La publicitada y finalmente desbaratada adecuación de las normas de valuación de inmuebles en el impuesto sobre los bienes personales habría provocado la dudosa satisfacción de convertir repentinamente a muchos propietarios en nuevos rico, con el consecuente galardón de pasar a ser flamantes contribuyentes de esta resistida herramienta tributaria.
El intento de modificación, en realidad, es sólo una muestra que reaviva la antigua discusión en torno a su valor como instrumento fiscal apropiado. Muchos capítulos se han destinado a evidenciar las flaquezas técnicas y estructurales de este impuesto altamente politizado y las razones que justifican largamente su desarraigo del sistema tributario. Entre otras debilidades, es un impuesto que puede menoscabar un concepto rector como el de capacidad contributiva al recaer sensiblemente sobre personas con activos importantes pero con un patrimonio nimio o incluso negativo, al impedir el cómputo de las deudas en su determinación (a excepción de ciertos pasivos vinculados exclusivamente con la casa habitación) y, asimismo, puede hacer desvanecer principios irrenunciables como el de equidad, al no contar con medios efectivos para evitar que la imposición termine afectando principalmente a los bienes registrables e inocultables cuando personas con idéntica capacidad de pago poseedoras de otros activos, teóricamente gravados, puedan distraerlos de los ojos fiscales.

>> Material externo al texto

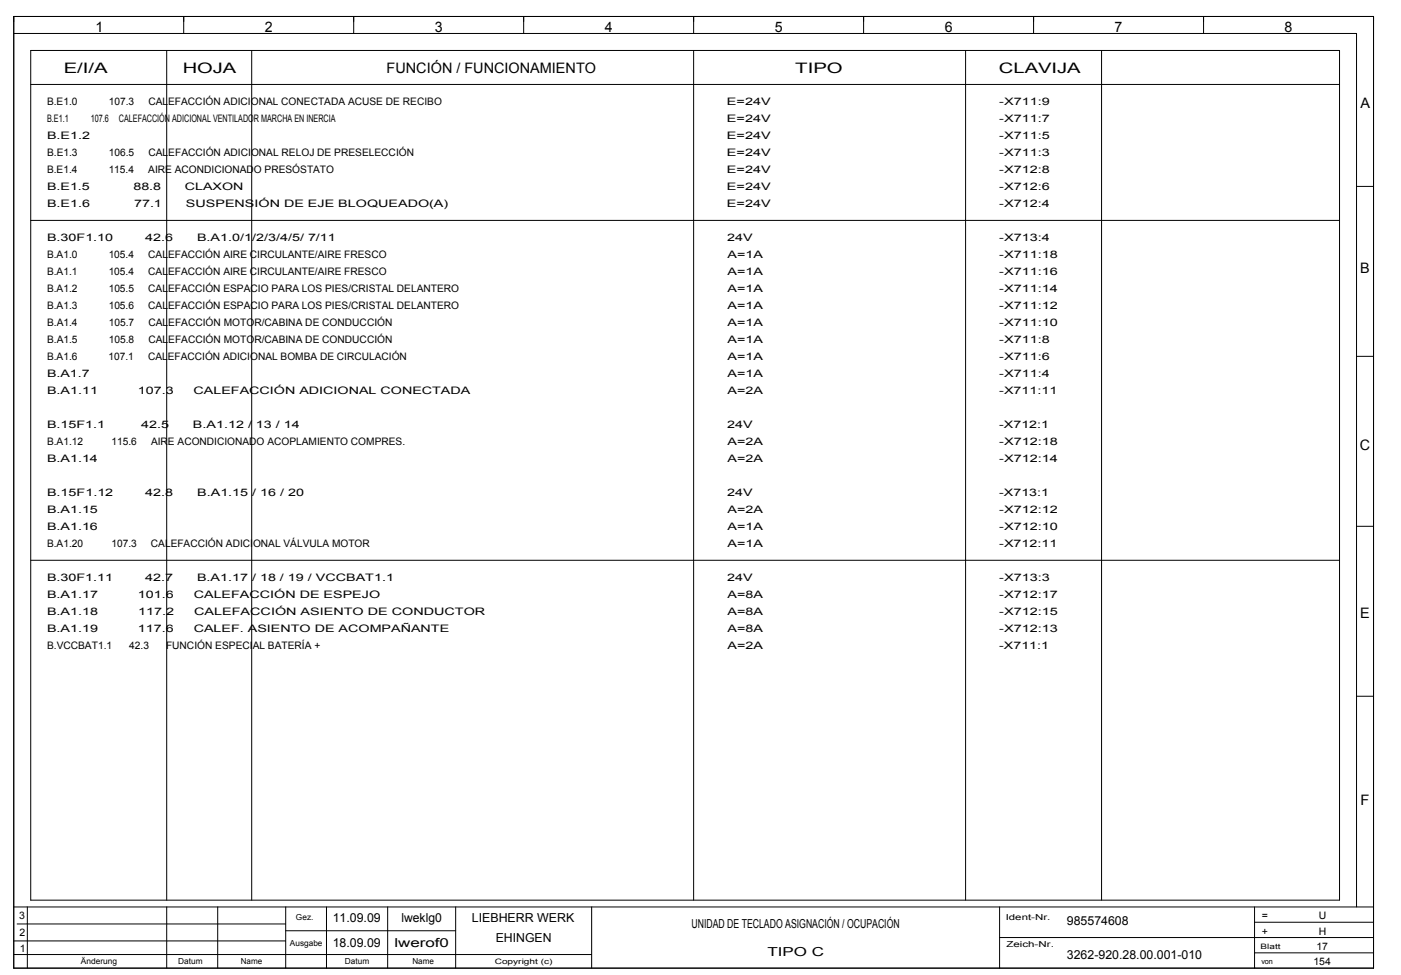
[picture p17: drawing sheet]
<svg xmlns="http://www.w3.org/2000/svg" width="408mm" height="284mm" viewBox="0 0 408 284" stroke-linecap="round" stroke-linejoin="round" font-family="sans-serif">
<defs><g id="words">
<g font-size="4.2">
<text x="27.8" y="9.3">1</text>
<text x="77.1" y="9.3">2</text>
<text x="126.6" y="9.3">3</text>
<text x="176.1" y="9.3">4</text>
<text x="225.6" y="9.3">5</text>
<text x="275.2" y="9.3">6</text>
<text x="324.6" y="9.3">7</text>
<text x="374.1" y="9.3">8</text>
<text x="18.6" y="21.2">E/I/A</text>
<text x="53.2" y="21.2">HOJA</text>
<text x="112.6" y="21.2">FUNCIÓN / FUNCIONAMIENTO</text>
<text x="231.6" y="21.2">TIPO</text>
<text x="290.9" y="21.2">CLAVIJA</text>
<text x="396.2" y="31.6">A</text>
<text x="396.1" y="79.6">B</text>
<text x="396" y="131.1">C</text>
<text x="396.1" y="180.1">E</text>
<text x="396.2" y="234.5">F</text>
</g>
<g font-size="3.6">
<text x="96.9" y="268.5">11.09.09</text>
<text x="116.9" y="268.5">lweklg0</text>
<text x="137.4" y="268.5">LIEBHERR WERK</text>
<text x="310.7" y="269.5">985574608</text>
<text x="96.9" y="275.9">18.09.09</text>
<text x="114.8" y="275.9">lwerof0</text>
<text x="144.3" y="274.4">EHINGEN</text>
<text x="201.4" y="270.4">UNIDAD DE TECLADO ASIGNACIÓN / OCUPACIÓN</text>
<text x="223.5" y="278.4">TIPO C</text>
<text x="310.7" y="279.4">3262-920.28.00.001-010</text>
</g>
<g font-size="3">
<text x="13.7" y="30.6">B.E1.0</text>
<text x="13.7" y="35.6">B.E1.1</text>
<text x="26.4" y="35.6">107.6</text>
<text x="31.7" y="30.6">107.3</text>
<text x="34.6" y="35.6">CALEFACCIÓN ADICIONAL VENTILADOR MARCHA EN INERCIA</text>
<text x="43.2" y="30.6">CALEFACCIÓN ADICIONAL CONECTADA ACUSE DE RECIBO</text>
<text x="211.7" y="30.6">E=24V</text>
<text x="211.7" y="35.6">E=24V</text>
<text x="291" y="30.6">-X711:9</text>
<text x="291" y="35.6">-X711:7</text>
<text x="13.7" y="40.5">B.E1.2</text>
<text x="211.7" y="40.5">E=24V</text>
<text x="291" y="40.5">-X711:5</text>
<text x="13.7" y="45.5">B.E1.3</text>
<text x="31.7" y="45.5">106.5</text>
<text x="43.2" y="45.5">CALEFACCIÓN ADICIONAL RELOJ DE PRESELECCIÓN</text>
<text x="211.7" y="45.5">E=24V</text>
<text x="291" y="45.5">-X711:3</text>
<text x="13.7" y="50.4">B.E1.4</text>
<text x="31.6" y="50.4">115.4</text>
<text x="43.2" y="50.4">AIRE ACONDICIONADO PRESÓSTATO</text>
<text x="211.7" y="50.4">E=24V</text>
<text x="291" y="50.4">-X712:8</text>
<text x="13.7" y="55.4">B.E1.5</text>
<text x="38.9" y="55.4">88.8</text>
<text x="53.9" y="55.4">CLAXON</text>
<text x="211.7" y="55.4">E=24V</text>
<text x="291" y="55.4">-X712:6</text>
<text x="13.7" y="60.3">B.E1.6</text>
<text x="39" y="60.3">77.1</text>
<text x="54.1" y="60.3">SUSPENSIÓN DE EJE BLOQUEADO(A)</text>
<text x="211.7" y="60.3">E=24V</text>
<text x="291" y="60.3">-X712:4</text>
<text x="13.7" y="70.2">B.30F1.10</text>
<text x="42.3" y="70.2">42.6</text>
<text x="57.4" y="70.2">B.A1.0/1/2/3/4/5/ 7/11</text>
<text x="211.8" y="70.2">24V</text>
<text x="291" y="70.2">-X713:4</text>
<text x="13.7" y="75.2">B.A1.0</text>
<text x="31.6" y="75.2">105.4</text>
<text x="43.2" y="75.2">CALEFACCIÓN AIRE CIRCULANTE/AIRE FRESCO</text>
<text x="211.9" y="75.2">A=1A</text>
<text x="291" y="75.2">-X711:18</text>
<text x="13.7" y="80.1">B.A1.1</text>
<text x="31.6" y="80.1">105.4</text>
<text x="43.2" y="80.1">CALEFACCIÓN AIRE CIRCULANTE/AIRE FRESCO</text>
<text x="211.9" y="80.1">A=1A</text>
<text x="291" y="80.1">-X711:16</text>
<text x="13.7" y="85.1">B.A1.2</text>
<text x="31.7" y="85.1">105.5</text>
<text x="43.2" y="85.1">CALEFACCIÓN ESPACIO PARA LOS PIES/CRISTAL DELANTERO</text>
<text x="211.9" y="85.1">A=1A</text>
<text x="291" y="85.1">-X711:14</text>
<text x="13.7" y="90">B.A1.3</text>
<text x="13.7" y="95">B.A1.4</text>
<text x="31.7" y="90">105.6</text>
<text x="31.7" y="95">105.7</text>
<text x="43.2" y="90">CALEFACCIÓN ESPACIO PARA LOS PIES/CRISTAL DELANTERO</text>
<text x="43.2" y="95">CALEFACCIÓN MOTOR/CABINA DE CONDUCCIÓN</text>
<text x="211.9" y="90">A=1A</text>
<text x="211.9" y="95">A=1A</text>
<text x="291" y="90">-X711:12</text>
<text x="291" y="95">-X711:10</text>
<text x="13.7" y="99.9">B.A1.5</text>
<text x="31.7" y="99.9">105.8</text>
<text x="43.2" y="99.9">CALEFACCIÓN MOTOR/CABINA DE CONDUCCIÓN</text>
<text x="211.9" y="99.9">A=1A</text>
<text x="291" y="99.9">-X711:8</text>
<text x="13.7" y="104.9">B.A1.6</text>
<text x="31.6" y="104.9">107.1</text>
<text x="43.1" y="104.9">CALEFACCIÓN ADICIONAL BOMBA DE CIRCULACIÓN</text>
<text x="211.9" y="104.9">A=1A</text>
<text x="291" y="104.9">-X711:6</text>
<text x="13.7" y="109.8">B.A1.7</text>
<text x="211.9" y="109.8">A=1A</text>
<text x="291" y="109.8">-X711:4</text>
<text x="13.7" y="114.8">B.A1.11</text>
<text x="40.1" y="114.8">107.3</text>
<text x="56.4" y="114.8">CALEFACCIÓN ADICIONAL CONECTADA</text>
<text x="211.9" y="114.8">A=2A</text>
<text x="291" y="114.8">-X711:11</text>
<text x="13.7" y="124.7">B.15F1.1</text>
<text x="41.1" y="124.7">42.5</text>
<text x="56.2" y="124.7">B.A1.12 / 13 / 14</text>
<text x="211.8" y="124.7">24V</text>
<text x="291" y="124.7">-X712:1</text>
<text x="13.7" y="129.6">B.A1.12</text>
<text x="32.5" y="129.6">115.6</text>
<text x="44" y="129.6">AIRE ACONDICIONADO ACOPLAMIENTO COMPRES.</text>
<text x="211.9" y="129.6">A=2A</text>
<text x="291" y="129.6">-X712:18</text>
<text x="13.7" y="134.6">B.A1.14</text>
<text x="211.9" y="134.6">A=2A</text>
<text x="291" y="134.6">-X712:14</text>
<text x="13.7" y="144.5">B.15F1.12</text>
<text x="13.7" y="149.4">B.A1.15</text>
<text x="42.3" y="144.5">42.8</text>
<text x="57.4" y="144.5">B.A1.15 / 16 / 20</text>
<text x="211.8" y="144.5">24V</text>
<text x="211.9" y="149.4">A=2A</text>
<text x="291" y="144.5">-X713:1</text>
<text x="291" y="149.4">-X712:12</text>
<text x="13.7" y="154.4">B.A1.16</text>
<text x="211.9" y="154.4">A=1A</text>
<text x="291" y="154.4">-X712:10</text>
<text x="13.7" y="159.3">B.A1.20</text>
<text x="32.4" y="159.3">107.3</text>
<text x="44" y="159.3">CALEFACCIÓN ADICIONAL VÁLVULA MOTOR</text>
<text x="211.9" y="159.3">A=1A</text>
<text x="291" y="159.3">-X712:11</text>
<text x="13.7" y="169.2">B.30F1.11</text>
<text x="42.3" y="169.2">42.7</text>
<text x="57.4" y="169.2">B.A1.17 / 18 / 19 / VCCBAT1.1</text>
<text x="211.8" y="169.2">24V</text>
<text x="291" y="169.2">-X713:3</text>
<text x="13.7" y="174.2">B.A1.17</text>
<text x="13.7" y="179.1">B.A1.18</text>
<text x="40.2" y="174.2">101.6</text>
<text x="40.3" y="179.1">117.2</text>
<text x="56.4" y="174.2">CALEFACCIÓN DE ESPEJO</text>
<text x="56.6" y="179.1">CALEFACCIÓN ASIENTO DE CONDUCTOR</text>
<text x="211.9" y="174.2">A=8A</text>
<text x="211.9" y="179.1">A=8A</text>
<text x="291" y="174.2">-X712:17</text>
<text x="291" y="179.1">-X712:15</text>
<text x="13.7" y="184.1">B.A1.19</text>
<text x="40.2" y="184.1">117.6</text>
<text x="56.4" y="184.1">CALEF. ASIENTO DE ACOMPAÑANTE</text>
<text x="211.9" y="184.1">A=8A</text>
<text x="291" y="184.1">-X712:13</text>
<text x="13.7" y="189">B.VCCBAT1.1</text>
<text x="37.6" y="189">42.3</text>
<text x="48.4" y="189">FUNCIÓN ESPECIAL BATERÍA +</text>
<text x="211.9" y="189">A=2A</text>
<text x="291" y="189">-X711:1</text>
<text x="5.6" y="267.8">3</text>
<text x="367.5" y="267.8">=</text>
<text x="384.1" y="267.8">U</text>
<text x="5.7" y="272.7">2</text>
<text x="367.5" y="272.2">+</text>
<text x="384.1" y="272.2">H</text>
<text x="5.8" y="277.2">1</text>
<text x="382.5" y="281.1">154</text>
<text x="383.3" y="276.7">17</text>
</g>
<g font-size="2.4">
<text x="86.2" y="268">Gez.</text>
<text x="292.9" y="268">Ident-Nr.</text>
<text x="84.4" y="275.5">Ausgabe</text>
<text x="293.1" y="275.9">Zeich-Nr.</text>
<text x="23.5" y="280.9">Änderung</text>
<text x="51.9" y="280.9">Datum</text>
<text x="70.1" y="280.9">Name</text>
<text x="100.4" y="280.9">Datum</text>
<text x="120.1" y="280.9">Name</text>
</g>
<g font-size="2.2">
<text x="144.1" y="280.8">Copyright (c)</text>
<text x="367.1" y="276.4">Blatt</text>
<text x="367.3" y="280.8">von</text>
</g>
</g></defs>
<g fill="none" stroke="#000" stroke-width=".29">
<path d="M4 4.8h396v277.2h-396zM4 9.7h391.1v254.5M9 14.7h381.1v247.5h-381.1zM48.5 14.7v247.5M53.5 4.8v4.9M73.3 14.7v247.5M103 4.8v4.9M152.5 4.8v4.9M202 4.8v4.9M202 14.7v247.5M251.5 4.8v4.9M281.2 14.7v247.5"/>
<path d="M301 4.8v4.9M320.8 14.7v247.5M350.5 4.8v4.9M9 24.6h381.1M395.1 54.3h4.9M9 64.2h381.1M395.1 103.8h4.9M395.1 153.3h4.9M9 163.2h381.1M395.1 202.8h4.9M4 278h168.3M4 274.1h79.2"/>
<path d="M4 264.2h396M5 269.1h78.2M8 264.2v17.8M48.5 264.2v17.8M63.4 264.2v17.8M83.2 264.2v17.8M83.2 271.1h49.5M95.1 264.2v17.8M112.9 264.2v17.8M132.7 264.2v17.8M172.3 264.2v17.8M291.1 264.2v17.8"/>
<path d="M291.1 273.1h108.9M365.4 264.2v17.8M365.4 277.5h34.6M365.4 268.6h34.6"/>
</g>
<use href="#words"/>
</svg>

Ciertamente, nunca ha pasado inadvertida la magra contribución que este impuesto ha acercado al erario desde su creación, pese a los reiterados intentos de remozamiento que tuvo durante sus veintidós años de vida. Es que las propias limitaciones intrínsecas tales como las vinculadas a la identificación de los bienes a ser objeto de imposición (propiedades sin título, dinero, alhajas y otros bienes suntuarios como algunos ejemplos), aquellas asociadas con una apropiada forma de valuación de los activos (subvaluación fiscal, obras de arte, etc) y las dificultades encontradas en el logro de una efectiva administración (en razón de la multiplicación de contribuyentes a ser fiscalizados) difícilmente podrían haber cooperado en generar una recaudación aceptable, en línea con una razonable aplicación del principio de economía que un tributo debería perseguir.
De haber prosperado la medida, el sorpresivo aunque sesgado reconocimiento que se habría dado a la inflación en materia impositiva, como una de las variables (al igual que la devaluación) para arribar al valor de mercado en la medición de los inmuebles, ya no como opción sino como obligación, se habría constituido en un parche decididamente recaudatorio, carente de sustento racional y disparador de innumerables situaciones lejanas a la justicia fiscal.
Indudablemente, la búsqueda parcial y forzada de una mejor expresión de capacidad contributiva para los inmuebles habría confrontado con el evidente problema empírico de la definición acertada de la metodología de cálculo, por cuanto no puede desconocerse que los bienes en cuestión están ajenos a un mercado transparente que provea de claridad y objetividad en la cuantificación así como tampoco puede relativizarse la relevancia del poder de negociación en la fijación del precio. Estas limitaciones que son extensivas a otros bienes gravados podrían derivar en inequidades mayores a las actualmente presentes, que lejos de acercar posiciones con el principio de conveniencia o comodidad de pago contribuirían, seguramente, a agigantar la voluntad de enajenar tales activos, muy probablemente, al organismo encargado de efectuar la valuación...
Cualquier reforma que se plantee sobre el impuesto sobre los bienes personales no debería soslayar el diagnóstico global que lo erige como un tributo altamente criticado, desaconsejable técnicamente conforme a la literatura más confiable, en lugar de propugnar remedios puntuales de cuestionable eficacia. Sostenido sólo por el estímulo político frente al fracaso recaudatorio, la tendencia internacional es una referencia no menospreciable y didáctica que ilustra acerca de una creciente cantidad de naciones que han eliminado el impuesto de su sistema tributario y, escasamente, a muy pocos países que lo mantienen en su esquema, aunque sobre bases sustancialmente diferentes, todas afines con preservar seriamente la equidad y la capacidad contributiva.